Goal of the exercise: After finding the line containing "Convert formula to" below, please output that line and each following one through the line containing "income as reported<fcel>Less", exactly as written.

Given records:

*** Block opens ***

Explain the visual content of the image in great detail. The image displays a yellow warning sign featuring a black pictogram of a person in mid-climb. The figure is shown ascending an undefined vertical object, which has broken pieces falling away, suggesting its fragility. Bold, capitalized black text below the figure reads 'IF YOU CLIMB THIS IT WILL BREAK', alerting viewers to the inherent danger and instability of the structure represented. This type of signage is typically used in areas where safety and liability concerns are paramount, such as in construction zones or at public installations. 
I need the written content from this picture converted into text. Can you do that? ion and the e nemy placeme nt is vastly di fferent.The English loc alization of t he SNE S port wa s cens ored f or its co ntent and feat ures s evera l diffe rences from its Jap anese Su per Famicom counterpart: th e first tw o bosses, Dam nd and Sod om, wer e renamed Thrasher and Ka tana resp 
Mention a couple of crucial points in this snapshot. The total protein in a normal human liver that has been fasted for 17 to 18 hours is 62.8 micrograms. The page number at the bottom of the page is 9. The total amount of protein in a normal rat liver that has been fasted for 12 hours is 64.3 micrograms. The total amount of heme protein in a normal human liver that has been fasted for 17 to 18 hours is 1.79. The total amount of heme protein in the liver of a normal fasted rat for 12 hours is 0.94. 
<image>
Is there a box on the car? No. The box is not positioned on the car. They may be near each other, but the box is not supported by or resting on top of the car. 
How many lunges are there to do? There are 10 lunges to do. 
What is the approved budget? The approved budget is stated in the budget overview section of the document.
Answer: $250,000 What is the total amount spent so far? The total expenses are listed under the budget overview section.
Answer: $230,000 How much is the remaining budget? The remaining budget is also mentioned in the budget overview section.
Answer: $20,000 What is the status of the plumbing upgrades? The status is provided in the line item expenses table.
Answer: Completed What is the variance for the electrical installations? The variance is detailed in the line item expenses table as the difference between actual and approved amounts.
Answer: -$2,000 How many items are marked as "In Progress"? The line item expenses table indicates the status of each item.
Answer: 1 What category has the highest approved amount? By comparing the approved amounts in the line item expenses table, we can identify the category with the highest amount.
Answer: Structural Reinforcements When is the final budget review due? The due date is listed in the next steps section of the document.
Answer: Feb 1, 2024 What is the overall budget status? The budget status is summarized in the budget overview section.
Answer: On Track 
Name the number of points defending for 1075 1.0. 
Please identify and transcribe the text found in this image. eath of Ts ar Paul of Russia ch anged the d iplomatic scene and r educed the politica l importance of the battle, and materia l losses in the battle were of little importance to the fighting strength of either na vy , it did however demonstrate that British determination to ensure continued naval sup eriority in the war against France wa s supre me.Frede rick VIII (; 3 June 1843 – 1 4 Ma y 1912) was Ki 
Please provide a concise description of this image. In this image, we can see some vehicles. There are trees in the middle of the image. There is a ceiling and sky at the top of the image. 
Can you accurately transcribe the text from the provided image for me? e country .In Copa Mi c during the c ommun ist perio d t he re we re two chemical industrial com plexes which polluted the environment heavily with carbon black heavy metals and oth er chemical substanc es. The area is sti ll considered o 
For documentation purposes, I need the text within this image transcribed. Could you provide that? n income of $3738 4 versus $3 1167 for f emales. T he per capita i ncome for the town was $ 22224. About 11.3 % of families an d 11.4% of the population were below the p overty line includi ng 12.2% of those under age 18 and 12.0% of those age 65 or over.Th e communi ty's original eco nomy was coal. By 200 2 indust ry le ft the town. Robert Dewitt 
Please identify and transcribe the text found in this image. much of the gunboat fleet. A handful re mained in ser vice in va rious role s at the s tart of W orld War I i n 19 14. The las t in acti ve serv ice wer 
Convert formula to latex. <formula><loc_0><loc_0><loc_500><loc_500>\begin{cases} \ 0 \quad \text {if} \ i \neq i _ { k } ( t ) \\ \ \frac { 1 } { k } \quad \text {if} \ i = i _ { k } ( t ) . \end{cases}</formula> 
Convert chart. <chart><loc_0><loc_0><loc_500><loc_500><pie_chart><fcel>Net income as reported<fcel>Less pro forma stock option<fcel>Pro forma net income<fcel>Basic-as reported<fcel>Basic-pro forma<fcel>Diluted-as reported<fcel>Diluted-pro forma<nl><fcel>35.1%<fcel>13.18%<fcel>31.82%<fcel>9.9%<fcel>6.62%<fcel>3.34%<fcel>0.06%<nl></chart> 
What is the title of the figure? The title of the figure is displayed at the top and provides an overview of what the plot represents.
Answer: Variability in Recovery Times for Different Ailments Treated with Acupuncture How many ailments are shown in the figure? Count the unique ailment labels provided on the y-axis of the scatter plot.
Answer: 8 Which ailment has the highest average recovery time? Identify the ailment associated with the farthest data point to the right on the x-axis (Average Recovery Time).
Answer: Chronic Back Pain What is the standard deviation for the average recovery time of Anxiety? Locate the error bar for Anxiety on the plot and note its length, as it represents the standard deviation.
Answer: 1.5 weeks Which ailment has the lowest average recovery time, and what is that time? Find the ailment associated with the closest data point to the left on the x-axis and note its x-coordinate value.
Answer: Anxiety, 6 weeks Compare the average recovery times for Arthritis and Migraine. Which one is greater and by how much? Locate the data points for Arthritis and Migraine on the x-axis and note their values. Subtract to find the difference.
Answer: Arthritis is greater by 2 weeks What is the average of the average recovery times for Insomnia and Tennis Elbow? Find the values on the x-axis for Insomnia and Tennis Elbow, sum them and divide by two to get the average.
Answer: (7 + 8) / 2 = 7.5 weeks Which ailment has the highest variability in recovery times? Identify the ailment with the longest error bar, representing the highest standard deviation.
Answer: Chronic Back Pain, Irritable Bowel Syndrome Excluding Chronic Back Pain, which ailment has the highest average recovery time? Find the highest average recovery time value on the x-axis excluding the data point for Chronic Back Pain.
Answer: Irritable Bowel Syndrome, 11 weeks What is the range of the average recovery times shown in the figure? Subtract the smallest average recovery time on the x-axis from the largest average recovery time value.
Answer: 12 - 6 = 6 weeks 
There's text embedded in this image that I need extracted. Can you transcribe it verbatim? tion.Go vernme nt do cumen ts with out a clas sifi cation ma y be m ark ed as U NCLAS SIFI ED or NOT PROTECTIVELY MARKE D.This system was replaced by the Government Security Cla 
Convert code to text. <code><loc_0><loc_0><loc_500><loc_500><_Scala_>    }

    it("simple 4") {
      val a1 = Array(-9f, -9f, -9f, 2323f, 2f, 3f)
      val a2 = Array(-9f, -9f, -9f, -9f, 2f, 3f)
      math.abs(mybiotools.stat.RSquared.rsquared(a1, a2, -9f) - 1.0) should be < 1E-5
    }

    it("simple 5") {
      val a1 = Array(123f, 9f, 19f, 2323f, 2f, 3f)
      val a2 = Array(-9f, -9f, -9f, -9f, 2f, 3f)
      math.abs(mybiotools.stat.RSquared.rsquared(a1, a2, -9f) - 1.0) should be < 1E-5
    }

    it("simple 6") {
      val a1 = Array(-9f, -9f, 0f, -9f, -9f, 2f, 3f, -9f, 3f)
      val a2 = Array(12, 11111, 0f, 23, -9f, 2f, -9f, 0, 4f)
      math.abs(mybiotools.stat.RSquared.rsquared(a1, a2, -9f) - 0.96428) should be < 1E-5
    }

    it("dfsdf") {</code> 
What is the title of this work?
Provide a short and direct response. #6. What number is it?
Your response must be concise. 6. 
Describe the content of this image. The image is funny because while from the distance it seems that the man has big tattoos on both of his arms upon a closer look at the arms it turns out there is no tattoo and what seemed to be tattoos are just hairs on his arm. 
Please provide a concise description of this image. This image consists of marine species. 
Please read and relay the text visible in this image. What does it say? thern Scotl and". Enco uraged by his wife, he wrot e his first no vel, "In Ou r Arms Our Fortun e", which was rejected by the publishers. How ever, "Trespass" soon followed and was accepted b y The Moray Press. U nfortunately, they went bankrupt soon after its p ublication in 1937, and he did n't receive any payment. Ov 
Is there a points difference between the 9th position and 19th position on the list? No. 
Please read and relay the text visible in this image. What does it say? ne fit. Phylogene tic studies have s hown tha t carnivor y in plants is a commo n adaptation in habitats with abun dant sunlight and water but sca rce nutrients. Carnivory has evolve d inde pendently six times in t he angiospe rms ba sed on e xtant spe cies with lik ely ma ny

*** Block closes ***

Exercise result:
Convert formula to latex. <formula><loc_0><loc_0><loc_500><loc_500>\begin{cases} \ 0 \quad \text {if} \ i \neq i _ { k } ( t ) \\ \ \frac { 1 } { k } \quad \text {if} \ i = i _ { k } ( t ) . \end{cases}</formula> 
Convert chart. <chart><loc_0><loc_0><loc_500><loc_500><pie_chart><fcel>Net income as reported<fcel>Less pro forma stock option<fcel>Pro forma net income<fcel>Basic-as reported<fcel>Basic-pro forma<fcel>Diluted-as reported<fcel>Diluted-pro forma<nl><fcel>35.1%<fcel>13.18%<fcel>31.82%<fcel>9.9%<fcel>6.62%<fcel>3.34%<fcel>0.06%<nl></chart> 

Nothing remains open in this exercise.